You can, for example, use one manager who specializes in a standard euro/dollar pair, and another broker who specializes in trading precious metals. Then, if the foreign exchange market is destabilized by a crisis, you are unlikely to lose funds invested in precious metals. Moreover, you may win.
An alternative way to get a portfolio to reduce investment risks is to adopt a ready-made portfolio. Many brokers provide investors with free portfolios set up to achieve different goals.
Risks are diversified in independent trading by applying three components — (i) competent and meticulous elaboration of a trading strategy; (ii) monitoring global political and economic news; and (iii) obtaining advice from professional traders. Sometimes brokers provide such advice for free, but more often it is a paid service that pays for itself.
Minimizing risks when investing in trusts presents two options. The first is do not invest your funds with little-known private traders. Instead, do so with employees of licensed and established brokerage companies that provide such services. The second option is to carefully learn ratings and statistics of the top traders, choosing only the most reliable. Of course, it’s more profitable to use both options at once.
FAQs about Forex Trading Risks
What is more profitable - trading or investing?
Only 11-25% of the total number of novice traders become successful. For Forex investors, this figure is almost 40%. In terms of profit, both options can give good income, the difference is that investing is a passive income.
What type of Forex investing is best?
All investment options are currently popular — PAMM, MAM, and RAMM accounts; LAMM systems; trust management; auto trading (copying trades based on providers' signals). Each option has distinct advantages, as well as risks, and is selected based on the personal preferences of the investor.

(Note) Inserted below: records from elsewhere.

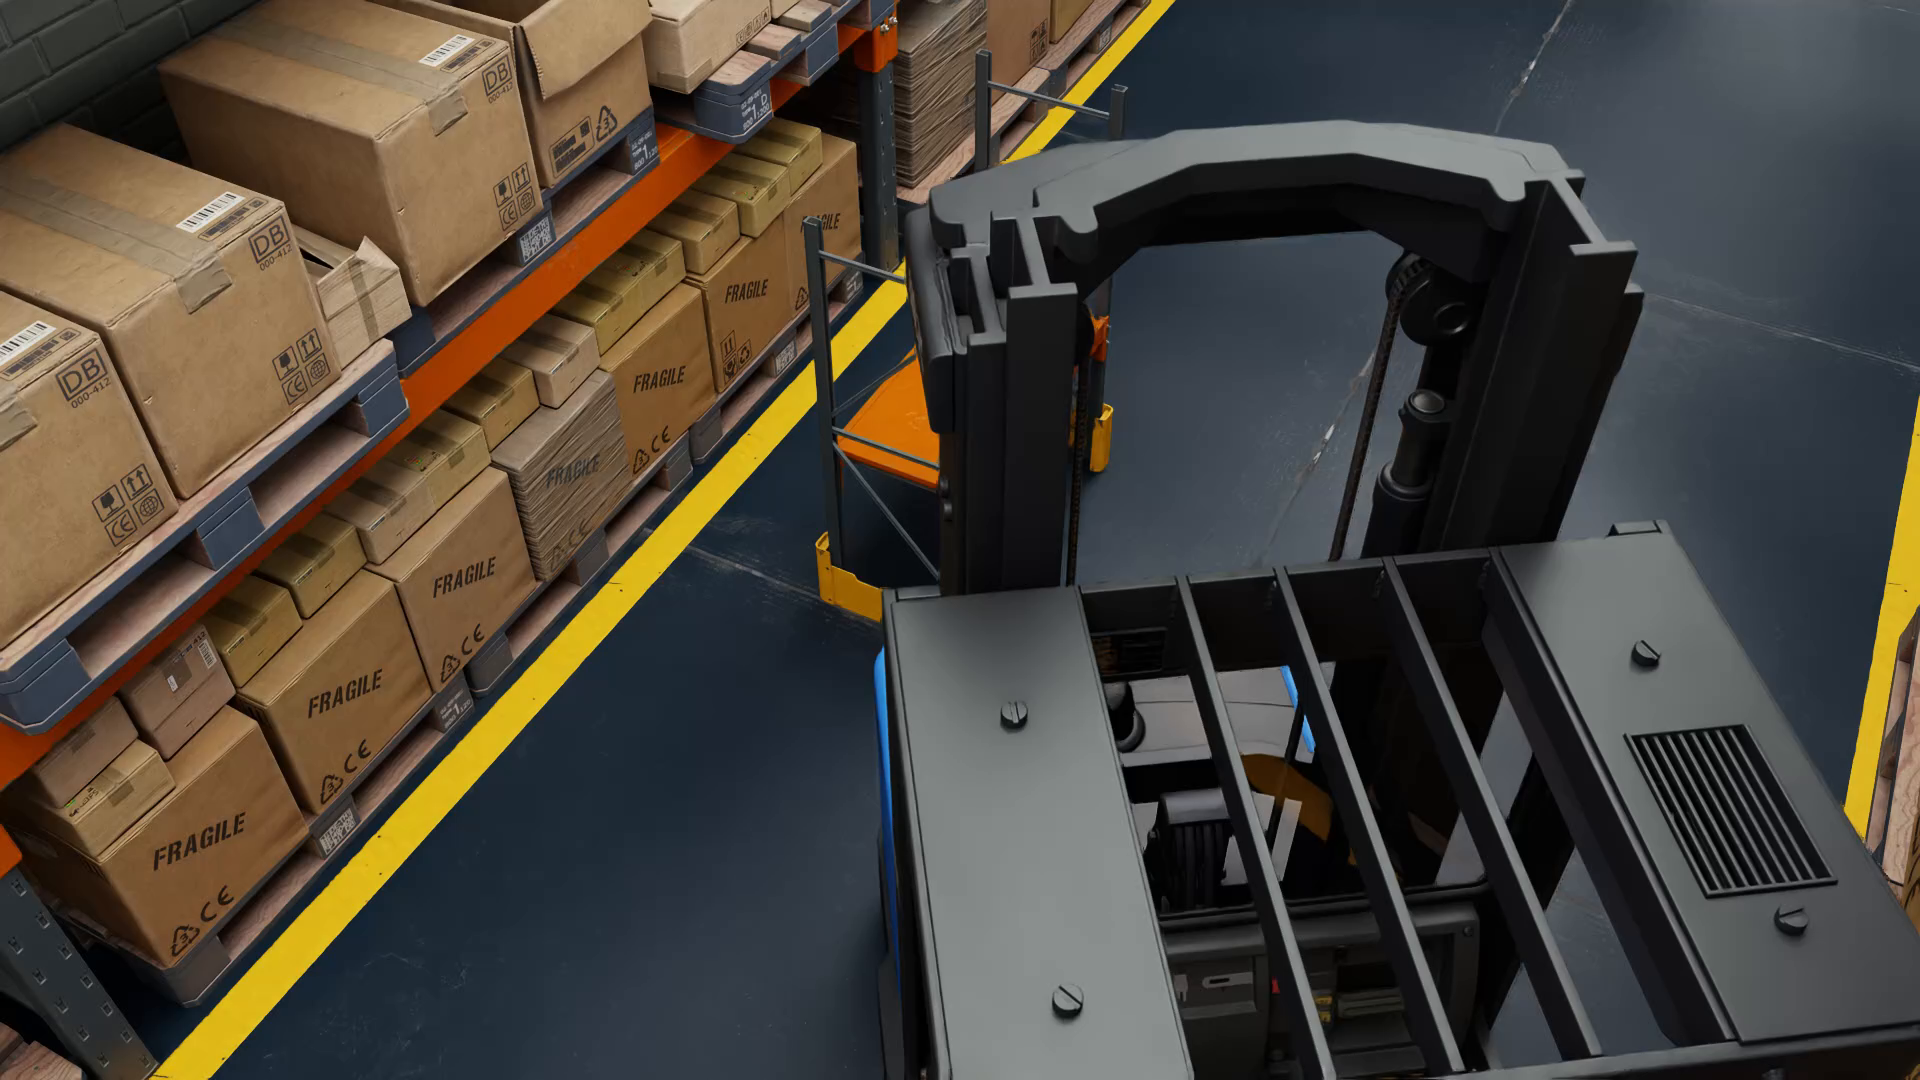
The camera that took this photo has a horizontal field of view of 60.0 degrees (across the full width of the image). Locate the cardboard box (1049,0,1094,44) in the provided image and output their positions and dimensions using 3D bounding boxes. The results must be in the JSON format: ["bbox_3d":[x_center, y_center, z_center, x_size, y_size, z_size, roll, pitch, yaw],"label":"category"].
[{"bbox_3d":[0.190,-2.854,7.837,0.875,0.625,0.625,19,48,17],"label":"cardboard box"}]

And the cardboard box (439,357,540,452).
[{"bbox_3d":[-1.525,-0.453,5.095,0.380,0.149,0.250,21,49,19],"label":"cardboard box"}]

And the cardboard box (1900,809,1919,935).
[{"bbox_3d":[2.866,0.889,3.961,0.875,0.875,0.875,21,49,20],"label":"cardboard box"}]

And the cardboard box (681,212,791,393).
[{"bbox_3d":[-0.968,-0.934,6.027,0.500,0.500,0.500,20,49,18],"label":"cardboard box"}]

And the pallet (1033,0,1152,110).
[{"bbox_3d":[0.264,-2.606,8.177,1.003,0.211,1.213,20,49,19],"label":"pallet"}]

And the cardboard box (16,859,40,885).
[{"bbox_3d":[-2.611,0.529,4.580,0.500,0.500,0.500,20,49,19],"label":"cardboard box"}]

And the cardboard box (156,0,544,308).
[{"bbox_3d":[-1.550,-1.029,4.293,0.700,0.500,0.500,20,49,19],"label":"cardboard box"}]

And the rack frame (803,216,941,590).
[{"bbox_3d":[-0.196,-0.261,4.953,0.500,1.500,0.032,20,49,19],"label":"rack frame"}]

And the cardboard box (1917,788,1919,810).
[{"bbox_3d":[3.283,0.329,4.515,0.875,0.875,0.875,20,49,19],"label":"cardboard box"}]

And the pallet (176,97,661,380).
[{"bbox_3d":[-1.619,-1.021,4.785,1.003,0.211,1.213,20,49,19],"label":"pallet"}]

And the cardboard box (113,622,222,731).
[{"bbox_3d":[-2.097,0.286,4.155,0.380,0.149,0.250,18,48,17],"label":"cardboard box"}]

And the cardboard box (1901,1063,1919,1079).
[{"bbox_3d":[2.450,1.452,3.404,0.875,0.875,0.875,22,49,20],"label":"cardboard box"}]

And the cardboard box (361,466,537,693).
[{"bbox_3d":[-1.679,0.054,5.050,0.500,0.500,0.500,19,48,18],"label":"cardboard box"}]

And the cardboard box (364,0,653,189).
[{"bbox_3d":[-1.314,-1.409,4.666,0.797,0.503,0.637,19,48,18],"label":"cardboard box"}]

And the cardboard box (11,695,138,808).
[{"bbox_3d":[-2.229,0.445,3.998,0.380,0.149,0.250,20,49,18],"label":"cardboard box"}]

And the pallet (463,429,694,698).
[{"bbox_3d":[-1.668,-0.111,5.711,1.003,0.211,1.213,20,49,19],"label":"pallet"}]

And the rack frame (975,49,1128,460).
[{"bbox_3d":[0.276,-0.901,5.586,0.500,1.500,0.032,20,49,19],"label":"rack frame"}]

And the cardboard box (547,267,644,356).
[{"bbox_3d":[-1.264,-0.775,5.413,0.380,0.149,0.250,20,49,18],"label":"cardboard box"}]

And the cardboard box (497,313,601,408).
[{"bbox_3d":[-1.366,-0.591,5.231,0.380,0.149,0.250,18,48,17],"label":"cardboard box"}]

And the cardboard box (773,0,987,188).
[{"bbox_3d":[-0.419,-2.016,7.008,0.875,0.625,0.625,22,49,20],"label":"cardboard box"}]

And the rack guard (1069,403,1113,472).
[{"bbox_3d":[0.267,-0.450,6.019,0.587,0.250,0.087,20,49,19],"label":"rack guard"}]

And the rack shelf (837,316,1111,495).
[{"bbox_3d":[0.040,-0.455,5.398,0.538,0.185,1.000,20,49,19],"label":"rack shelf"}]

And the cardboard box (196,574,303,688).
[{"bbox_3d":[-2.006,0.205,4.445,0.380,0.149,0.250,18,48,17],"label":"cardboard box"}]

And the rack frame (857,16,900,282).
[{"bbox_3d":[-0.721,-2.315,5.929,1.000,3.000,0.127,20,49,19],"label":"rack frame"}]

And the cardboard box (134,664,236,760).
[{"bbox_3d":[-2.115,0.370,4.281,0.380,0.149,0.250,19,48,18],"label":"cardboard box"}]

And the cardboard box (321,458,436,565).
[{"bbox_3d":[-1.742,-0.118,4.763,0.380,0.149,0.250,20,49,19],"label":"cardboard box"}]

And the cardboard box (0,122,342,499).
[{"bbox_3d":[-1.914,-0.535,3.804,0.700,0.500,0.500,21,49,19],"label":"cardboard box"}]

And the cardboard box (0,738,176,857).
[{"bbox_3d":[-2.175,0.570,4.084,0.380,0.149,0.250,23,50,21],"label":"cardboard box"}]

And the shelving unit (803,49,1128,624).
[{"bbox_3d":[0.035,-0.575,5.264,0.587,1.500,1.083,20,49,19],"label":"shelving unit"}]

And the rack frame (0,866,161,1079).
[{"bbox_3d":[-2.577,0.205,3.438,1.000,3.000,0.127,20,49,19],"label":"rack frame"}]

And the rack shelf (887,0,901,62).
[{"bbox_3d":[0.208,-3.322,7.430,1.077,0.370,4.000,20,49,19],"label":"rack shelf"}]

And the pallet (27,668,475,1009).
[{"bbox_3d":[-2.233,0.661,4.949,1.003,0.211,1.213,20,49,19],"label":"pallet"}]

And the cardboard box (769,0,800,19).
[{"bbox_3d":[-0.686,-1.834,5.335,0.380,0.149,0.250,21,49,20],"label":"cardboard box"}]

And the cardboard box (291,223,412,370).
[{"bbox_3d":[-1.593,-0.644,4.077,0.396,0.266,0.258,23,50,21],"label":"cardboard box"}]

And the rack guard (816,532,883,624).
[{"bbox_3d":[-0.196,0.178,5.398,0.587,0.250,0.087,20,49,19],"label":"rack guard"}]

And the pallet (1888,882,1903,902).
[{"bbox_3d":[2.677,1.539,4.080,1.003,0.211,1.213,20,49,19],"label":"pallet"}]

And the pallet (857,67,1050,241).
[{"bbox_3d":[-0.304,-1.840,7.420,1.003,0.211,1.213,20,49,19],"label":"pallet"}]

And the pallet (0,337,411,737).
[{"bbox_3d":[-2.110,-0.195,3.968,1.003,0.211,1.213,20,49,19],"label":"pallet"}]

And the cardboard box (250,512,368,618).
[{"bbox_3d":[-1.891,0.027,4.620,0.380,0.149,0.250,20,49,18],"label":"cardboard box"}]

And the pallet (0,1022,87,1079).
[{"bbox_3d":[-2.897,1.618,4.003,1.003,0.211,1.213,20,49,19],"label":"pallet"}]

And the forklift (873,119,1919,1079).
[{"bbox_3d":[0.471,0.955,2.745,1.130,2.935,3.031,-5,46,-5],"label":"forklift"}]

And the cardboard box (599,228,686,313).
[{"bbox_3d":[-1.149,-0.932,5.568,0.380,0.149,0.250,22,49,20],"label":"cardboard box"}]

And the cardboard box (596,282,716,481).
[{"bbox_3d":[-1.209,-0.604,5.700,0.500,0.500,0.500,22,49,21],"label":"cardboard box"}]

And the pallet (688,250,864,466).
[{"bbox_3d":[-1.101,-0.877,6.468,1.003,0.211,1.213,20,49,19],"label":"pallet"}]

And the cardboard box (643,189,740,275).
[{"bbox_3d":[-0.986,-1.083,5.718,0.380,0.149,0.250,19,48,18],"label":"cardboard box"}]

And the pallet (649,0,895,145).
[{"bbox_3d":[-0.973,-1.797,5.552,1.213,0.211,1.003,20,49,19],"label":"pallet"}]

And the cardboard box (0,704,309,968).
[{"bbox_3d":[-2.153,0.706,4.406,0.500,0.500,0.500,22,49,21],"label":"cardboard box"}]

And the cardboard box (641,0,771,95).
[{"bbox_3d":[-0.924,-1.638,5.070,0.500,0.250,0.500,18,48,17],"label":"cardboard box"}]

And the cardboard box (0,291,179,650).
[{"bbox_3d":[-2.155,-0.209,3.482,0.700,0.500,0.500,22,49,20],"label":"cardboard box"}]

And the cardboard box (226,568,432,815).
[{"bbox_3d":[-1.915,0.367,4.740,0.500,0.500,0.500,20,49,19],"label":"cardboard box"}]

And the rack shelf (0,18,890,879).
[{"bbox_3d":[-1.649,-0.802,4.939,1.077,0.370,4.000,20,49,19],"label":"rack shelf"}]

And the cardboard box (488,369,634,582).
[{"bbox_3d":[-1.433,-0.271,5.371,0.500,0.500,0.500,19,48,18],"label":"cardboard box"}]

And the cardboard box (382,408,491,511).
[{"bbox_3d":[-1.625,-0.273,4.917,0.380,0.149,0.250,22,49,20],"label":"cardboard box"}]

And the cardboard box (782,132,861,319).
[{"bbox_3d":[-0.726,-1.246,6.335,0.500,0.500,0.500,22,49,20],"label":"cardboard box"}]

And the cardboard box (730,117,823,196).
[{"bbox_3d":[-0.725,-1.417,6.048,0.380,0.149,0.250,18,48,17],"label":"cardboard box"}]

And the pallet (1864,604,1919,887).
[{"bbox_3d":[3.245,0.774,4.837,1.003,0.211,1.213,20,49,19],"label":"pallet"}]

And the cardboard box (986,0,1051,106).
[{"bbox_3d":[-0.122,-2.430,7.417,0.875,0.625,0.625,22,49,20],"label":"cardboard box"}]

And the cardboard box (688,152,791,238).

How realistic is it to reduce risks when investing?
Very. Choosing a reliable broker and successful managers, allocating capital between several accounts, monitoring news, and the global market. Several other methods can help to significantly reduce trading and non-trading risks.
How to choose a good broker?
Top brokers may be analyzed according to the following indicators: (i) experience in the Forex market; (ii) trading instruments; (iii) trading conditions; (iv) regulations (e.g., licensing); and (v) advantages of investment programs. To simplify the task, you can use the ratings of the independent Traders Union.